ANNA TRAN: I’m thinking about – is there a contrast to how people in Kenya – I don’t know if they would use the words “body image” obviously – but, like, do they have idealized thoughts about, like, body image, and how does that compare to how you’ve observed how people approach the topic of body image in the States? 

MATTHEW LOFTUS: Uh, you know, it’s funny that you mentioned that. We – um, I was just talking with a friend about it. Um, here in Kenya, obviously there’s some people and, you know, wealthier people in more urban areas that have absorbed some Western images – you know, globalization just puts all the same images around the world – but you’ll find many people, um, especially in more rural areas, like the one where I’m working, you know, you’ll come back from vacation and they’ll say, “Oh, you, uh, you’ve, you look fat. You look – did you have a good holiday?” Um, and it’s not – it’s, it’s like a compliment. It’s like, “Oh, you must’ve, you know, gone someplace nice and relaxed and eaten a lot of food ’cause you, you look like you put on a few pounds.” Um, and so, you know, I think that that obviously has some ties to very deep aspects of, of human nature of the sense of like, you know, when you have extra – you know, one of the reasons why we like to eat so much and we like to eat things that have lots of sugar and salt in them is because if there’s a time when you don’t have food around then having a few extra pounds is actually very good for you. So, you know, I think that that kind of speaks to, you know – and, and more traditional societies around the world being obese is like a sign of wealth, that you actually have enough food to have too much. So, so you do see some of those attitudes that you do see sometimes as coming into conflict with, you know, more contemporary Western ideals about thinness.

ANNA TRAN: From your perspective, how do you think Christian communities have failed to teach a more holistic view of caring for our bodies? 

MATTHEW LOFTUS: Yeah, it’s an interesting question because I, I think it, it really varies across the spectrum. You know, if you look at Reformation era thinkers, for example, like John Calvin, there is a very conscious attempt to really push back against gnosticism and speak and think about the body in a – and souls – in, in a holistic way.
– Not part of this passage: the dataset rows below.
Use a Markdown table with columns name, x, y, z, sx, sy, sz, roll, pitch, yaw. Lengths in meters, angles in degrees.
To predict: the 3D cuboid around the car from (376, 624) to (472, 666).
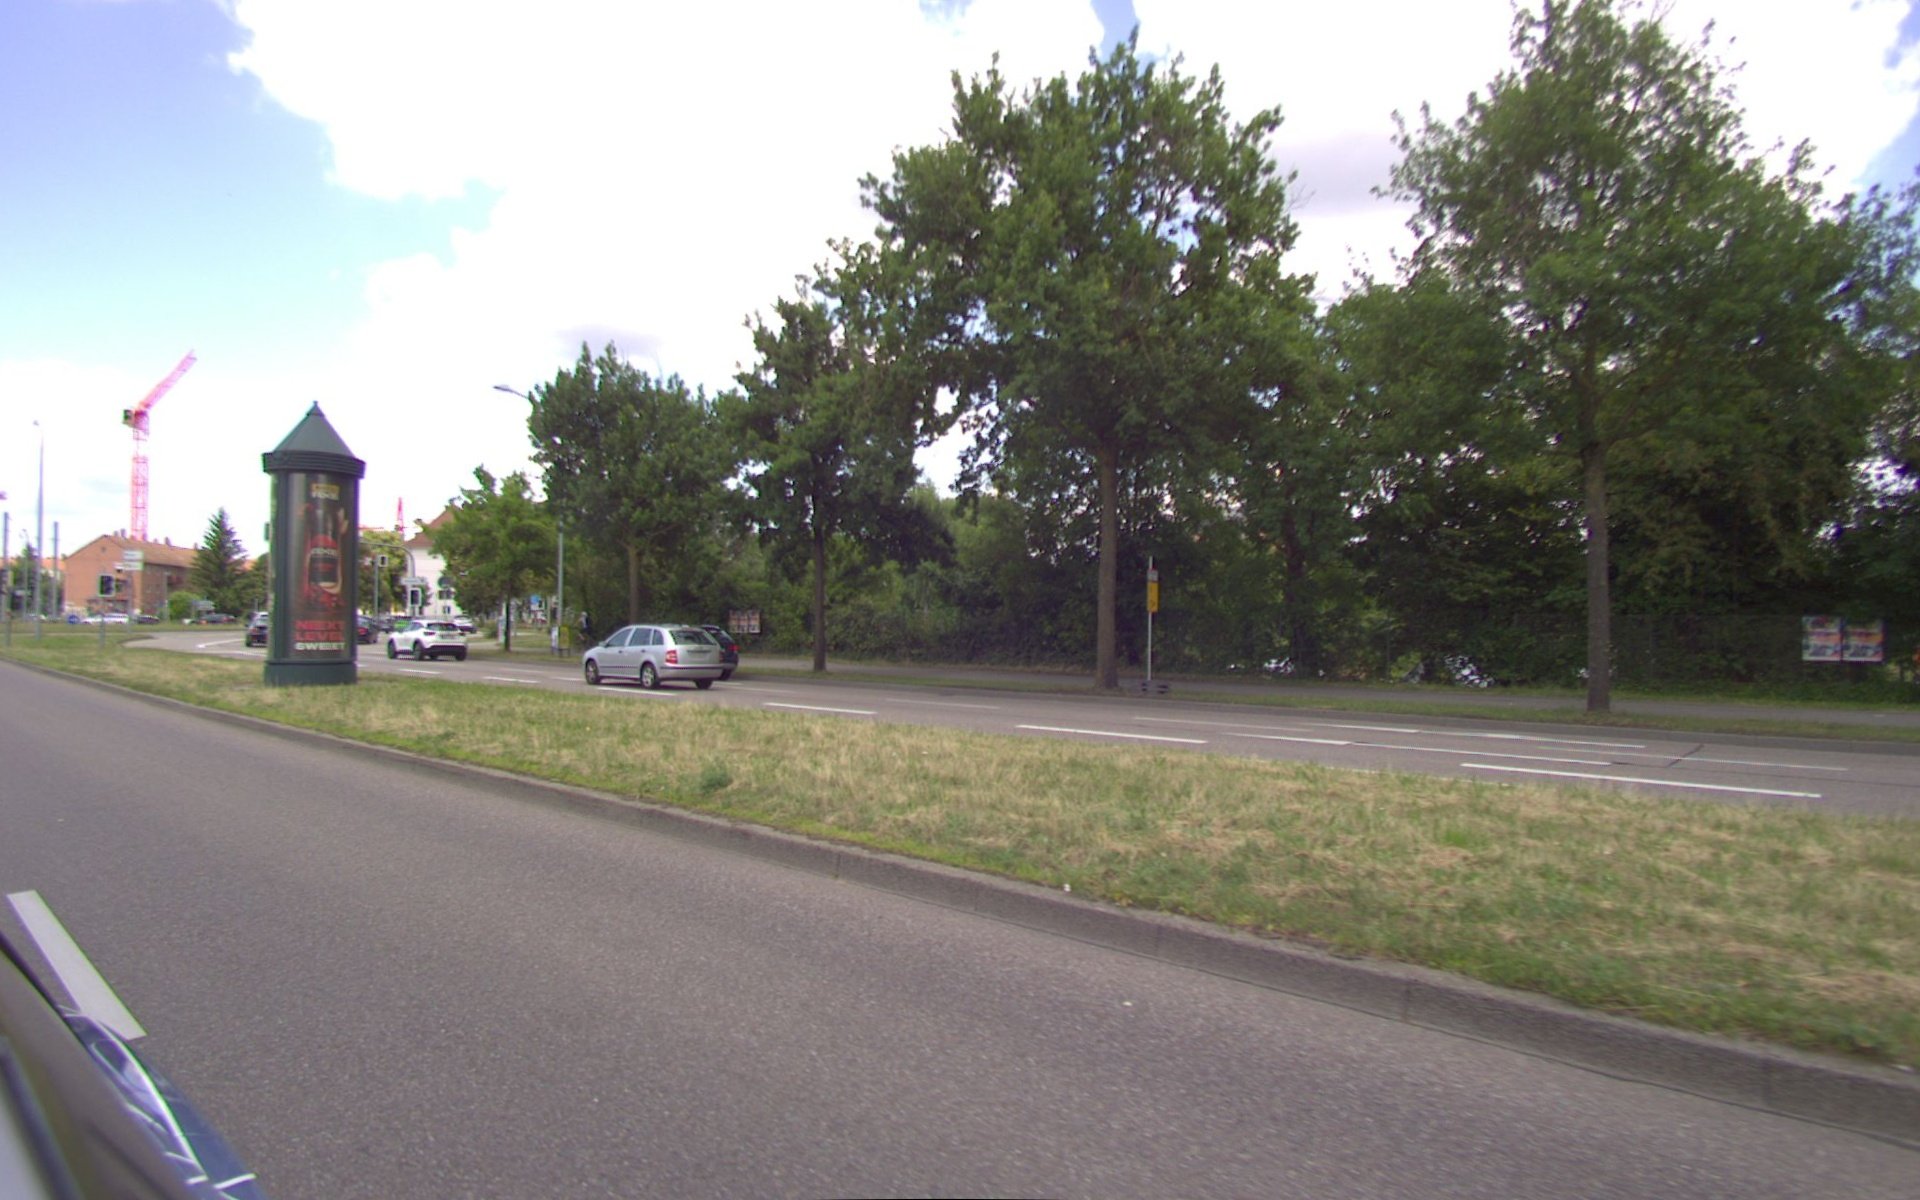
| name | x | y | z | sx | sy | sz | roll | pitch | yaw |
| --- | --- | --- | --- | --- | --- | --- | --- | --- | --- |
| car | -21.197 | 1.746 | 39.951 | 4.366 | 1.552 | 1.890 | -1 | -3 | 41 |

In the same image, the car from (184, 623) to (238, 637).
| name | x | y | z | sx | sy | sz | roll | pitch | yaw |
| --- | --- | --- | --- | --- | --- | --- | --- | --- | --- |
| car | -74.888 | 3.040 | 101.208 | 3.912 | 1.351 | 1.808 | 1 | -3 | -15 |

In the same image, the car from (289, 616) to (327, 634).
| name | x | y | z | sx | sy | sz | roll | pitch | yaw |
| --- | --- | --- | --- | --- | --- | --- | --- | --- | --- |
| car | -60.056 | 2.320 | 93.176 | 4.592 | 1.604 | 1.887 | -1 | -1 | 43 |

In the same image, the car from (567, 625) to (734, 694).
| name | x | y | z | sx | sy | sz | roll | pitch | yaw |
| --- | --- | --- | --- | --- | --- | --- | --- | --- | --- |
| car | -7.265 | 1.328 | 23.558 | 4.307 | 1.451 | 1.744 | -1 | -3 | 42 |

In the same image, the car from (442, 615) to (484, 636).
| name | x | y | z | sx | sy | sz | roll | pitch | yaw |
| --- | --- | --- | --- | --- | --- | --- | --- | --- | --- |
| car | -41.752 | 2.152 | 85.061 | 1.967 | 1.699 | 4.798 | 0 | -1 | -11 |

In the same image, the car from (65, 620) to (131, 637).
| name | x | y | z | sx | sy | sz | roll | pitch | yaw |
| --- | --- | --- | --- | --- | --- | --- | --- | --- | --- |
| car | -84.389 | 2.770 | 99.158 | 4.430 | 1.533 | 2.130 | 0 | -1 | -18 |

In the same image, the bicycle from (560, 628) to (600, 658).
| name | x | y | z | sx | sy | sz | roll | pitch | yaw |
| --- | --- | --- | --- | --- | --- | --- | --- | --- | --- |
| bicycle | -16.505 | 1.866 | 43.918 | 2.015 | 1.228 | 0.753 | -1 | 1 | 41 |

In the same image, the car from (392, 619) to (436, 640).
| name | x | y | z | sx | sy | sz | roll | pitch | yaw |
| --- | --- | --- | --- | --- | --- | --- | --- | --- | --- |
| car | -38.613 | 2.093 | 71.659 | 1.594 | 1.358 | 4.180 | 2 | -2 | -11 |

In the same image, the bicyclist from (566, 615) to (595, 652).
| name | x | y | z | sx | sy | sz | roll | pitch | yaw |
| --- | --- | --- | --- | --- | --- | --- | --- | --- | --- |
| bicyclist | -16.432 | 1.446 | 43.827 | 0.883 | 1.576 | 0.821 | -1 | 0 | 41 |

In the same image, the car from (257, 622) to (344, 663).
| name | x | y | z | sx | sy | sz | roll | pitch | yaw |
| --- | --- | --- | --- | --- | --- | --- | --- | --- | --- |
| car | -26.986 | 1.697 | 41.347 | 5.011 | 1.603 | 1.704 | -1 | -3 | 41 |

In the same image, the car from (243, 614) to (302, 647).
| name | x | y | z | sx | sy | sz | roll | pitch | yaw |
| --- | --- | --- | --- | --- | --- | --- | --- | --- | --- |
| car | -39.940 | 1.786 | 58.923 | 1.812 | 1.813 | 4.803 | 2 | -3 | -22 |

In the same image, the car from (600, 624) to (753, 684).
| name | x | y | z | sx | sy | sz | roll | pitch | yaw |
| --- | --- | --- | --- | --- | --- | --- | --- | --- | --- |
| car | -8.231 | 1.496 | 29.115 | 5.028 | 1.589 | 1.745 | -1 | -3 | 41 |

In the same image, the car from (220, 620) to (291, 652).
| name | x | y | z | sx | sy | sz | roll | pitch | yaw |
| --- | --- | --- | --- | --- | --- | --- | --- | --- | --- |
| car | -35.079 | 1.770 | 50.343 | 4.751 | 1.491 | 1.818 | -1 | -3 | 42 |

Uh, there’s a really interesting book by Matthew LaPine called The Logic of the Body that really digs into this. It’s a very philosophically heavy book, and I hope someday he writes a more popular treatment because I think it’d be really interesting because he – you know, it’s not just soul and body, but you think about your rationality and your appetites and your emotions and your conscience and all these other different – your will – just all these different pieces that aren’t even necessarily – that aren’t like puzzle pieces, but they’re, they all kind of meld into each other and overlap. You know, but I, I think in, in many ways where the church fails is when it just sort of unconsciously absorbs whatever cultural values are going on around it without critically examining them or addressing them. You know, so in recent decades, you know, that would certainly include like the obsessive overweight and thinness at any cost sort of messages that I think especially young women were getting. And nowadays, I think especially in more conservative circles, you see this very strong emphasis on gaining manly strength and getting jacked or, or what have you. You know, just trying to either sort of slap a, a Christian veneer on a broader cultural message, you know, without really examining it critically or just not commenting on it at all and letting people get their messages from teen magazines or television or what have you.

ANNA TRAN: Mm-hmm. Body image is so connected to just overall health. Um, and so I was just thinking – what are your thoughts on even the words “body image”? ‘Cause I had a thought that’s like, “Oh, like we’re talking about body image, but overall we want to be healthy.” Do you think it’s helpful to even, like, talk about our bodies in, like, just that blanket “image” sense?

MATTHEW LOFTUS: Well, it’s, it’s tricky, right? Because we, we think about us being – you know, the Bible talks about us being – the image of God, right, that we, we reflect aspects of who he is in our bodies. You don’t see the angels being described in that way. They’re purely spiritual beings. You know, we’re physical and spiritual together. And in a, especially the, the cultural milieu that we live in, um, in which the image, you know, images are just so powerful and ubiquitous, it’s hard not to think about one’s body image. So I think it’s something you kind of have to wrestle with as a human being, particularly in the time and the place in which we live, you have to think about the way that others perceive you. You do have to think about caring for your body and reflecting the image of God in who you are, but ultimately like that has to be a relatively low priority, especially I think compared to cultivating the habits of health, which do include, you know, eating good food, exercising regularly. There are people that can be very healthy in their bodies and yet they don’t have a particularly, uh, attractive body image as judged by certain incredibly difficult to obtain, sometimes nearly impossible, cultural standards.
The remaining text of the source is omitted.